The Constitution that was finally agreed upon represented three great compromises: between those favoring a strong national government and those preferring states' rights, between the large states and small states, and between slave states and free. In the struggle for ratification of the Constitution by the states, the great influence was the brilliant series of essays entitled The Federalist, published anonymously in 1787 and 1788 by Alexander Hamilton, James Madison, and John Jay.
The Constitution comprises a preamble, seven articles, and a number of amendments. The preamble states the the document's purpose. The first three articles deal with the legislative, executive, and judicial branches of the federal government. Article IV deals with interstate relations and the admission of new states. Article V provides for amendments. Article VI declares the Constitution to be the supreme law of the land and superior to any state constitution, while Article VII provides for the ratification of the document itself.
The first 10 amendments to the Constitution, ratified in 1791, were drafted and submitted to the states because there had been widespread criticism of the Constitution for its lack of a bill of rights. Although there are others in the category, these amendments are now universally known as the Bill of Rights. The power to interpret the Constitution was established by the Supreme Court ruling in Marbury v. Madison to be the court itself.
Quotes regarding United States Constitution.
By Alexander Hamilton
Constitutions should consist only of general provisions; the reason is that they must necessarily be permanent, and that they cannot calculate for the possible change of things.
Speech in 1788
By James Madison
With respect to the words "general welfare," I have always regarded them as qualified by the detail of powers connected with them. To take them in a literal and unlimited sense would be a metamorphosis of the Constitution into a character which there is a host of proofs was not contemplated by its creators.
Letter written to James Robertson, April 20, 1831
By Henry Clay
The Constitution of the United States was made not merely for the generation that then existed, but for posterity—unlimited, undefined, endless, perpetual posterity.
Speech in the US Senate, 1850
By Oliver Wendell Holmes
The interpretation of constitutional principles must not be too literal.
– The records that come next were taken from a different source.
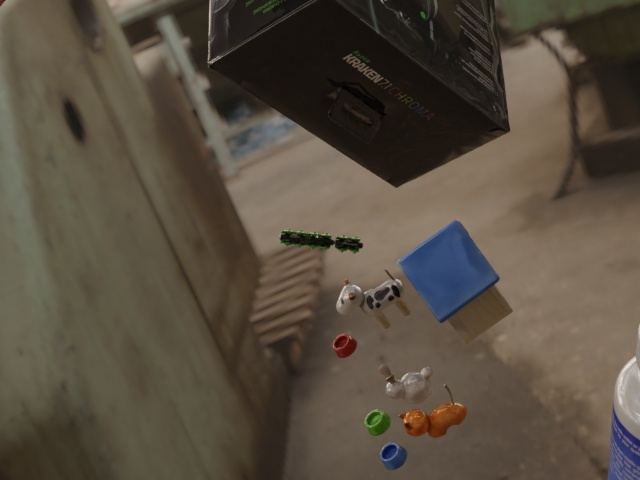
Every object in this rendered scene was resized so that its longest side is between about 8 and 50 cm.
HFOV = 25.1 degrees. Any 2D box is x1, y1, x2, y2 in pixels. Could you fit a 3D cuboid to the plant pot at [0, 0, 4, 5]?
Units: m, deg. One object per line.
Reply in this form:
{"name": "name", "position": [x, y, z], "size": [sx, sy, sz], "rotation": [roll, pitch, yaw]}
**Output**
{"name": "plant pot", "position": [-0.206, -0.353, 1.036], "size": [0.265, 0.272, 0.272], "rotation": [-39, 23, -22]}

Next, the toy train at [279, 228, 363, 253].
{"name": "toy train", "position": [0.000, 0.000, 1.395], "size": [0.083, 0.017, 0.023], "rotation": [6, 4, -10]}

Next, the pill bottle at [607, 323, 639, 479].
{"name": "pill bottle", "position": [0.376, 0.203, 1.483], "size": [0.152, 0.272, 0.152], "rotation": [-3, 35, 2]}

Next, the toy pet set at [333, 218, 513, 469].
{"name": "toy pet set", "position": [0.051, 0.046, 0.827], "size": [0.114, 0.065, 0.122], "rotation": [-36, 35, 6]}

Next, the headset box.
{"name": "headset box", "position": [0.034, -0.215, 1.237], "size": [0.131, 0.246, 0.283], "rotation": [-26, 52, 33]}
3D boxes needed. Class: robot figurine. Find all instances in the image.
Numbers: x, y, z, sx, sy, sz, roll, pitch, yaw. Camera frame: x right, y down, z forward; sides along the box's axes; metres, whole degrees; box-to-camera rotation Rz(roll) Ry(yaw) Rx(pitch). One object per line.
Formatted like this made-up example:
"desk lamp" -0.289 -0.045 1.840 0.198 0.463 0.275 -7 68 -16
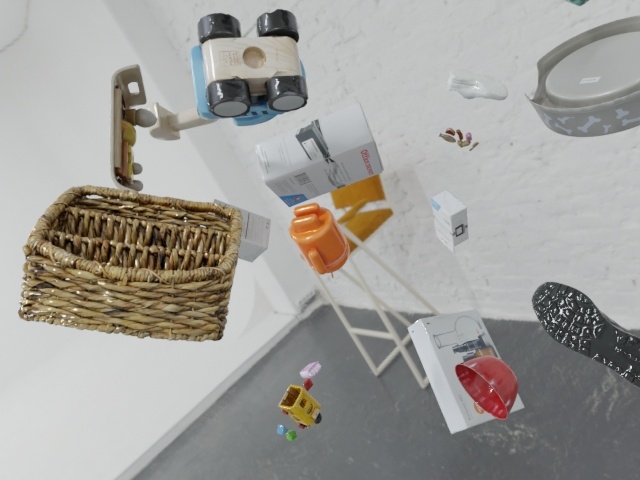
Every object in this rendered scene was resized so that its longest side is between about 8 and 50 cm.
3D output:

We must remember that the machinery of government would not work if it were not allowed a little play in its joints.
Writing in the case of Bain Peanut Co. v. Pinson, 1931
By William Lloyd Garrison
The compact which exists between the North and the South is a covenant with death and an agreement with hell.
A resolution adopted by the Anti-Slavery Society on January 27, 1843
By Alexis de Tocqueville
The best laws cannot make a constitution work in spite of morals; morals can turn the worst laws to advantage.
By James K. Polk
By the theory of our Government majorities rule, but this right is not an arbitrary or unlimited one. It is a right to be exercised in subordination to the Constitution and in conformity to it. One great object of the Constitution was to restrain majorities from oppressing minorities or encroaching upon their just rights. Minorities have a right to appeal to the Constitution as a shield against such oppression.
Inaugural Address, 1845
By John Marshall
The people made the Constitution, and the people can unmake it. It is the creature of their own will, and lives only by their will.